The Good, The Bad, and The Hybrid: A Reward Structure Showdown in Reasoning Models Training
Subramanyam Sahoo
TL;DR
This paper studies how reward design affects RLHF-aligned fine-tuning of LLMs on mathematical reasoning tasks. It proposes hard, continuous, and hybrid reward formulations, plus an adaptive scheduler to balance exploration and stability.
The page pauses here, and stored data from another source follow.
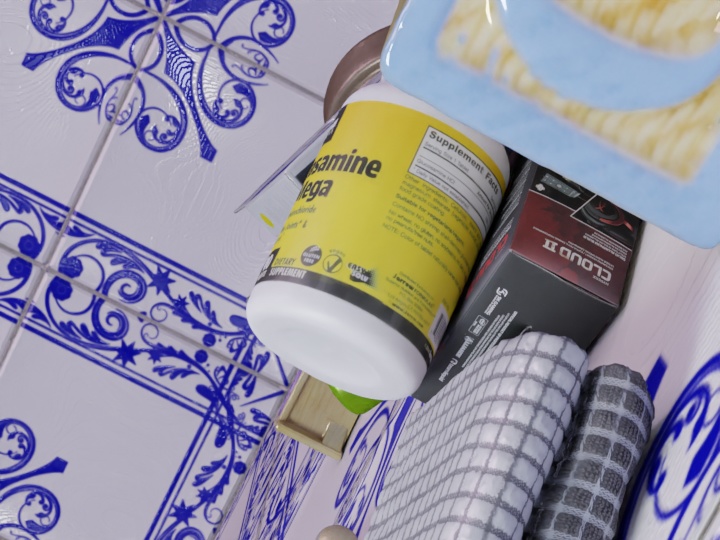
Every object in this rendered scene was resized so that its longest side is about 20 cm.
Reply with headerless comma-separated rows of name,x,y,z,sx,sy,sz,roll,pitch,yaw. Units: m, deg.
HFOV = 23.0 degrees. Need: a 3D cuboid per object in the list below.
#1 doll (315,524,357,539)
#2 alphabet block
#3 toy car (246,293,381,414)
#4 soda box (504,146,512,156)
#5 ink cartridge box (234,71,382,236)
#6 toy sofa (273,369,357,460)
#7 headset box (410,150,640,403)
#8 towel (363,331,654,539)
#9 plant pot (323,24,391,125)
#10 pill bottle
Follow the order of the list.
doll,-0.055,0.287,1.526,0.200,0.048,0.137,-53,1,38
alphabet block,0.136,-0.162,0.884,0.198,0.194,0.200,-60,4,21
toy car,0.000,0.000,1.225,0.164,0.159,0.200,-36,-18,17
soda box,0.115,-0.123,1.210,0.199,0.068,0.064,-36,-15,-33
ink cartridge box,0.006,-0.106,1.290,0.198,0.047,0.200,-44,4,-14
toy sofa,-0.019,0.101,1.968,0.202,0.082,0.098,-64,5,5
headset box,0.107,-0.004,1.073,0.149,0.074,0.201,-59,6,46
towel,0.057,0.136,0.833,0.167,0.085,0.200,-67,7,-24
plant pot,0.067,-0.098,1.604,0.176,0.198,0.201,-95,26,-46
pill bottle,0.020,-0.036,1.044,0.202,0.112,0.112,-65,4,-20
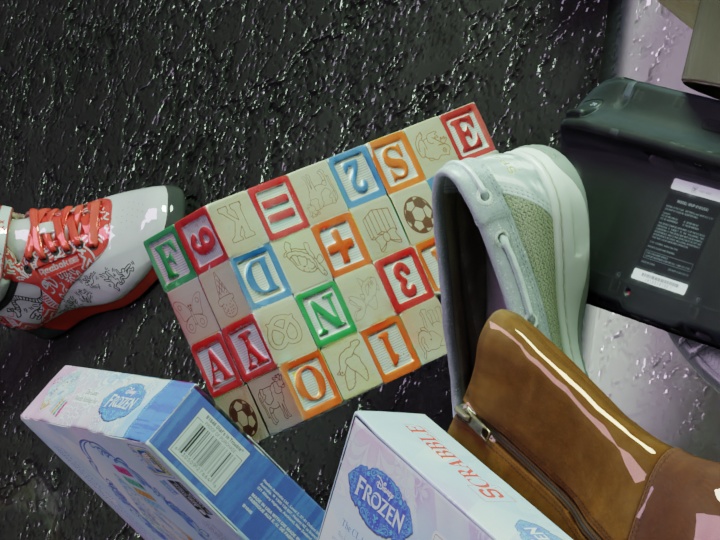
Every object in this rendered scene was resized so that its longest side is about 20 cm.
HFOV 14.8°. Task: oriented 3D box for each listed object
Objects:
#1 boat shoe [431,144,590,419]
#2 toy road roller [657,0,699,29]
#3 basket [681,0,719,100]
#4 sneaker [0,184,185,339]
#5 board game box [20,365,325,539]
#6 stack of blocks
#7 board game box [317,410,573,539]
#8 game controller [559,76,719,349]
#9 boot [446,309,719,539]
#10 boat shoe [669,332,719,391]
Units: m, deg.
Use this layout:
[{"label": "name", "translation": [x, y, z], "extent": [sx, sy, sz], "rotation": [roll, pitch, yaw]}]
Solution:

On GSM8K with a LoRA-tuned Qwen3-4B, the hard reward achieves the best final accuracy (~40%), continuous rewards offer greater training stability, and hybrid schedules provide intermediate gains, illustrating trade-offs between direct correctness and richer signal optimization. The work emphasizes careful reward calibration and scheduling as key drivers of alignment and provides a scalable framework for future reward-model experiments.
Abstract
Reward design is central to reinforcement learning from human feedback (RLHF) and alignment research. In this work, we propose a unified framework to study hard, continuous, and hybrid reward structures for fine-tuning large language models (LLMs) on mathematical reasoning tasks. Using Qwen3-4B with LoRA fine-tuning on the GSM8K dataset, we formalize and empirically evaluate reward formulations that incorporate correctness, perplexity, reasoning quality, and consistency. We introduce an adaptive hybrid reward scheduler that transitions between discrete and continuous signals, balancing exploration and stability. Our results show that hybrid reward structures improve convergence speed and training stability over purely hard or continuous approaches, offering insights for alignment via adaptive reward modeling.